Feel the ground. It’s nice and cool, right? Well, dig down a few kilometers and things really heat up. Once you’re down more than 30 km, and temperatures can reach more than 1,000 degrees C; that’s hot enough to melt rock. The melted rock is called magma, and it collects into vast chambers beneath the Earth’s surface. The molten rock is less dense than the surrounding rock and so it “floats” upwards through cracks and faults. When the magma finds its way to the surface, it erupts as lava, rock, ash and volcanic gases; this is a volcanic mountain.

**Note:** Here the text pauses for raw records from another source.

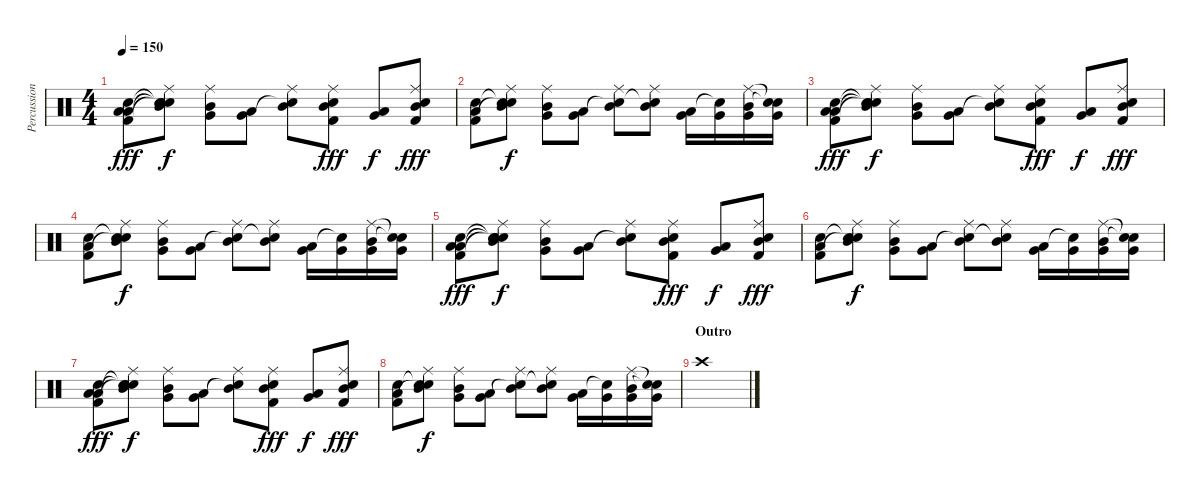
\track ("Percussion" "Percussion") {instrument percussion}
\staff {score}
\articulation defaults
\ts (4 4)
\tempo 150
\clef neutral
\ks c
("Snare (hit) 2" "Kick (hit) 2" "Low Floor Tom (hit)" "Low Tom (hit)").8{dy fff} ("Snare (hit)"{t} "Snare (hit)"{t} "Snare (hit)"{t} "Ride (middle)" "Mid Tom (hit)").8{dy f} ("Very Low Tom (hit)" "Ride (middle)" "Mid Tom (hit)").8 ("Very Low Tom (hit)" "Low Tom (hit)").8 ("Snare (hit)"{t} "Ride (middle)" "Mid Tom (hit)").8 ("Snare (hit) 2" "Kick (hit) 2" "Ride (middle)" "Mid Tom (hit)").8{dy fff} ("Very Low Tom (hit)" "Low Tom (hit)").8{dy f} ("Snare (hit) 2" "Kick (hit) 2" "Ride (middle)" "Mid Tom (hit)").8{dy fff} |
("Snare (hit) 2" "Kick (hit) 2" "Low Tom (hit)").8 ("Snare (hit)"{t} "Snare (hit)"{t} "Ride (middle)" "Mid Tom (hit)").8{dy f} ("Very Low Tom (hit)" "Ride (middle)" "Mid Tom (hit)").8 ("Very Low Tom (hit)" "Low Tom (hit)").8 ("Snare (hit)"{t} "Ride (middle)" "Mid Tom (hit)").8 ("Snare (hit)"{t} "Ride (middle)" "Mid Tom (hit)").8 ("Very Low Tom (hit)" "Low Tom (hit)").16 ("Very Low Tom (hit)" "Snare (hit)"{t}).16 ("Very Low Tom (hit)" "Ride (middle)" "Mid Tom (hit)").16 ("Very Low Tom (hit)" "Snare (hit)"{t} "Snare (hit)"{t}).16 |
("Snare (hit) 2" "Kick (hit) 2" "Low Floor Tom (hit)" "Low Tom (hit)").8{dy fff} ("Snare (hit)"{t} "Snare (hit)"{t} "Snare (hit)"{t} "Ride (middle)" "Mid Tom (hit)").8{dy f} ("Very Low Tom (hit)" "Ride (middle)" "Mid Tom (hit)").8 ("Very Low Tom (hit)" "Low Tom (hit)").8 ("Snare (hit)"{t} "Ride (middle)" "Mid Tom (hit)").8 ("Snare (hit) 2" "Kick (hit) 2" "Ride (middle)" "Mid Tom (hit)").8{dy fff} ("Very Low Tom (hit)" "Low Tom (hit)").8{dy f} ("Snare (hit) 2" "Kick (hit) 2" "Ride (middle)" "Mid Tom (hit)").8{dy fff} |
("Snare (hit) 2" "Kick (hit) 2" "Low Tom (hit)").8 ("Snare (hit)"{t} "Snare (hit)"{t} "Ride (middle)" "Mid Tom (hit)").8{dy f} ("Very Low Tom (hit)" "Ride (middle)" "Mid Tom (hit)").8 ("Very Low Tom (hit)" "Low Tom (hit)").8 ("Snare (hit)"{t} "Ride (middle)" "Mid Tom (hit)").8 ("Snare (hit)"{t} "Ride (middle)" "Mid Tom (hit)").8 ("Very Low Tom (hit)" "Low Tom (hit)").16 ("Very Low Tom (hit)" "Snare (hit)"{t}).16 ("Very Low Tom (hit)" "Ride (middle)" "Mid Tom (hit)").16 ("Very Low Tom (hit)" "Snare (hit)"{t} "Snare (hit)"{t}).16 |
("Snare (hit) 2" "Kick (hit) 2" "Low Floor Tom (hit)" "Low Tom (hit)").8{dy fff} ("Snare (hit)"{t} "Snare (hit)"{t} "Snare (hit)"{t} "Ride (middle)" "Mid Tom (hit)").8{dy f} ("Very Low Tom (hit)" "Ride (middle)" "Mid Tom (hit)").8 ("Very Low Tom (hit)" "Low Tom (hit)").8 ("Snare (hit)"{t} "Ride (middle)" "Mid Tom (hit)").8 ("Snare (hit) 2" "Kick (hit) 2" "Ride (middle)" "Mid Tom (hit)").8{dy fff} ("Very Low Tom (hit)" "Low Tom (hit)").8{dy f} ("Snare (hit) 2" "Kick (hit) 2" "Ride (middle)" "Mid Tom (hit)").8{dy fff} |
("Snare (hit) 2" "Kick (hit) 2" "Low Tom (hit)").8 ("Snare (hit)"{t} "Snare (hit)"{t} "Ride (middle)" "Mid Tom (hit)").8{dy f} ("Very Low Tom (hit)" "Ride (middle)" "Mid Tom (hit)").8 ("Very Low Tom (hit)" "Low Tom (hit)").8 ("Snare (hit)"{t} "Ride (middle)" "Mid Tom (hit)").8 ("Snare (hit)"{t} "Ride (middle)" "Mid Tom (hit)").8 ("Very Low Tom (hit)" "Low Tom (hit)").16 ("Very Low Tom (hit)" "Snare (hit)"{t}).16 ("Very Low Tom (hit)" "Ride (middle)" "Mid Tom (hit)").16 ("Very Low Tom (hit)" "Snare (hit)"{t} "Snare (hit)"{t}).16 |
("Snare (hit) 2" "Kick (hit) 2" "Low Floor Tom (hit)" "Low Tom (hit)").8{dy fff} ("Snare (hit)"{t} "Snare (hit)"{t} "Snare (hit)"{t} "Ride (middle)" "Mid Tom (hit)").8{dy f} ("Very Low Tom (hit)" "Ride (middle)" "Mid Tom (hit)").8 ("Very Low Tom (hit)" "Low Tom (hit)").8 ("Snare (hit)"{t} "Ride (middle)" "Mid Tom (hit)").8 ("Snare (hit) 2" "Kick (hit) 2" "Ride (middle)" "Mid Tom (hit)").8{dy fff} ("Very Low Tom (hit)" "Low Tom (hit)").8{dy f} ("Snare (hit) 2" "Kick (hit) 2" "Ride (middle)" "Mid Tom (hit)").8{dy fff} |
("Snare (hit) 2" "Kick (hit) 2" "Low Tom (hit)").8 ("Snare (hit)"{t} "Snare (hit)"{t} "Ride (middle)" "Mid Tom (hit)").8{dy f} ("Very Low Tom (hit)" "Ride (middle)" "Mid Tom (hit)").8 ("Very Low Tom (hit)" "Low Tom (hit)").8 ("Snare (hit)"{t} "Ride (middle)" "Mid Tom (hit)").8 ("Snare (hit)"{t} "Ride (middle)" "Mid Tom (hit)").8 ("Very Low Tom (hit)" "Low Tom (hit)").16 ("Very Low Tom (hit)" "Snare (hit)"{t}).16 ("Very Low Tom (hit)" "Ride (middle)" "Mid Tom (hit)").16 ("Very Low Tom (hit)" "Snare (hit)"{t} "Snare (hit)"{t}).16 |
\section ("" "Outro")
"Crash high (hit)".1

A volcanic mountain starts out as a simple crack in the Earth called a volcanic vent. Magma erupts out of the ground as lava flows, clouds of ash, and explosions of rock. This material falls back to Earth around the vent, and piles up around it. Over time (and sometimes quite quickly) a volcanic mountain builds up, with the familiar cone shape.
There are different kinds of volcanic mountains. Cinder cone mountains are made up of material blasted out that rains back down. They don’t usually grow too large. Shield volcanoes are built up by many lava flows of low viscosity lava (low viscosity means that it flows more easily). The lava can flow for dozens of kilometers, and the volcano can be very wide. A stratovolcano or composite volcano is made up of many layers of ash, rock and hardened lava. Some of the largest, most impressive volcanoes in the world are stratovolcanoes (think about Mount Fuji or Rainier).
And we don’t just have volcanic mountains here on Earth. The largest mountain in the Solar System is Olympus Mons on Mars. This enormous shield volcano has grown to more than 21 km tall. There are also active volcanoes on Jupiter’s moon Io.